Rule of Law Update: Poland
The highest court in the European Union has ruled that Poland has acted contrary to the rule of law by enacting legislation which lowered the retirement age of judges to 65 years. The legislation in question was seen as part of a sustained attack on judicial independence by the Polish Parliament.
Judicial independence is one of a number of principles of the rule of law and has been described by Ursula von der Leyen (European Commission president-designate) as the “jewel in the crown” of the European Union.
It is necessary to say a little about the Polish decision before commenting on whether Australia’s High Court would reach a similar conclusion if there was an attack on judicial independence through an attempt to “stack” the Court.
The highest court in the European Union, the Court of Justice of the European Union, handed down its decision on 24 June 2019. The Polish authorities had been criticised for harassing and disciplining judges who they considered to be unfavourable to their cause. The particular legislation provided that all judges of their Supreme Court, the Sąd Najwyższy, the equivalent of our High Court, were obliged to retire on reaching the age of 65 years, and not, as previously, 70. On reaching 65 a judge could have his term extended up to a further 5 years by the President of Poland.
Both provisions, the lowering of the retirement age and the provision enabling the President to extend the term of a judge, were challenged by the Polish Supreme Court judges on the basis that they breached the rule of law and in particular the principle of judicial independence and the immovability of judges.
The judges pointed to Article 2 of the Treaty on European Union which expressly provided that the Union is founded on values, including the rule of law, that Article 19(1) of the Treaty on European Union required member states to provide remedies sufficient to ensure effective legal protection in the fields covered by Union Law and finally, Article 47 of the Charter of Fundamental Rights of the European Union which provided that every individual is entitled to a fair and public hearing within a reasonable time by an impartial and independent tribunal.
The Court of Justice of the European Union reached a conclusion that Article 19(1), read in the light of Article 47, required the preservation of the independence of the Supreme Court of Poland which had been infringed by the legislation.

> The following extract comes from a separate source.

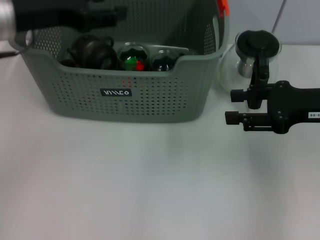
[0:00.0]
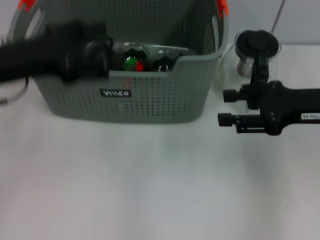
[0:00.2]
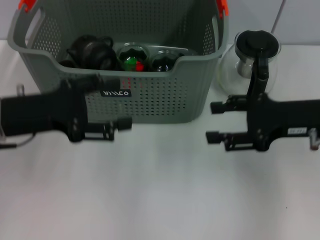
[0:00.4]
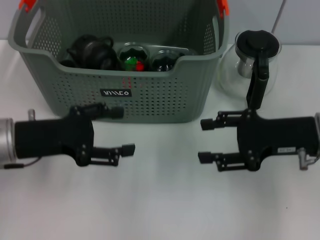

It was not the lowering of the retirement age by itself which resulted in the infringement but that the judges who were appointed as judges before the law entered into force were subject to the new retirement provision. This was seen as an attack on the principle of irremovability which is essential to the independence of the judiciary. It followed that Article 19(1) had been breached.
In conferring on the President of Poland the discretion to extend the term of a judge past 65 years, the Court reasoned that the Supreme Court was no longer providing the guarantee that it acted impartially and independently. A reasonable doubt would arise as to the imperviousness of the judges concerned to external factors and as to the neutrality with respect to any interests before them. Accordingly, Article 19(1) was breached by the second provision.
Articles 2 and 47 do not apply to Australia as are not part of the European Union. Nor is it subject to the provisions of an overriding Bill of Rights. Any and all protection has to be found in the express or implied terms of the Australian Constitution.
Chapter III of the Australian Constitution expressly deals with the Judicature and, in particular, for the term of a High Court justice to expire on reaching 70 years and, except for misbehavior or incapacity, not earlier. It also includes a provision to ensure changes to the retirement age of Justices does not affect the term of offices of Justices under an appointment made before the changes to the retirement age. An Australian Parliament which is minded to “stack” the High Court is prevented by these provisions from getting rid of justices by lowering the retirement age, but what if it attempted to increase the numbers of justices from 7 to 15 and appointed judges more to its liking?
In 1937, President Franklin Delano Roosevelt sought to do just this and attempted to “stack” the US supreme Court to overcome the concern that a majority of the judges were opposed to New Deal legislation. He announced that the extra judges … “will act as Justices “ and “save our national Constitution from hardening of the judicial arteries.” His plan was subject to a great deal of protests and never tested by reason of the retirement of one of the justices in the majority.
“Stacking” of the High Court is not expressly dealt with in the Constitution. But the independence of the Judicature is assumed and is critical. In such circumstances, where there is an attack on the independence, would the Court rule that the attempt is implicitly prohibited by Chapter III of the Constitution?